Saved entries
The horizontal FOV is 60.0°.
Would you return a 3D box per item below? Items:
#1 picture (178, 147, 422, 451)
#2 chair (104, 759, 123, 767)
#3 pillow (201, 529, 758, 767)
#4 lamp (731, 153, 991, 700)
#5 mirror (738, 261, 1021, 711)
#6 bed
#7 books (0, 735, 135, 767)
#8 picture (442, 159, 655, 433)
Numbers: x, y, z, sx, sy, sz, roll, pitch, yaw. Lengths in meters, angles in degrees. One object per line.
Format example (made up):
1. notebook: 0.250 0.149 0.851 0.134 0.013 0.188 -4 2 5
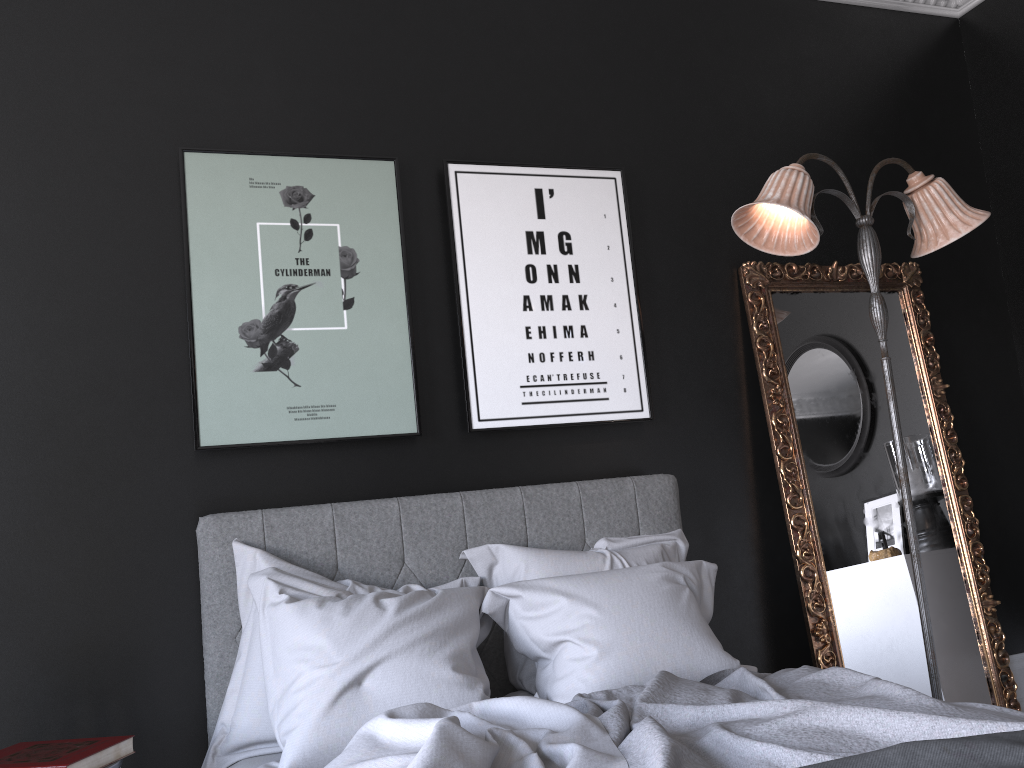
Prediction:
1. picture: -0.756 -0.321 3.203 0.791 1.076 0.014 -3 -8 -20
2. chair: -1.180 1.323 2.226 0.614 0.671 0.614 -9 -8 24
3. pillow: -0.056 0.786 2.799 1.829 0.758 0.682 -3 -8 -20
4. lamp: 1.421 0.319 3.224 0.987 2.405 0.774 -7 -7 12
5. mirror: 1.604 0.506 3.834 0.991 2.186 0.255 -3 -8 -20
6. bed: 0.279 0.785 1.722 2.765 1.295 3.292 -1 -9 -31
7. books: -1.205 0.969 2.273 0.346 0.045 0.276 -7 -8 9
8. picture: 0.153 -0.363 3.538 0.791 1.076 0.014 -3 -8 -20

• **Exercise instructions**
Excluding the pictures, restate the records above word for word.

• **Answer box**
The horizontal FOV is 60.0°.
Would you return a 3D box per item below? Items:
#1 picture (178, 147, 422, 451)
#2 chair (104, 759, 123, 767)
#3 pillow (201, 529, 758, 767)
#4 lamp (731, 153, 991, 700)
#5 mirror (738, 261, 1021, 711)
#6 bed
#7 books (0, 735, 135, 767)
#8 picture (442, 159, 655, 433)
Numbers: x, y, z, sx, sy, sz, roll, pitch, yaw. Lengths in meters, angles in degrees. One object per line.
Format example (made up):
1. notebook: 0.250 0.149 0.851 0.134 0.013 0.188 -4 2 5
Prediction:
1. picture: -0.756 -0.321 3.203 0.791 1.076 0.014 -3 -8 -20
2. chair: -1.180 1.323 2.226 0.614 0.671 0.614 -9 -8 24
3. pillow: -0.056 0.786 2.799 1.829 0.758 0.682 -3 -8 -20
4. lamp: 1.421 0.319 3.224 0.987 2.405 0.774 -7 -7 12
5. mirror: 1.604 0.506 3.834 0.991 2.186 0.255 -3 -8 -20
6. bed: 0.279 0.785 1.722 2.765 1.295 3.292 -1 -9 -31
7. books: -1.205 0.969 2.273 0.346 0.045 0.276 -7 -8 9
8. picture: 0.153 -0.363 3.538 0.791 1.076 0.014 -3 -8 -20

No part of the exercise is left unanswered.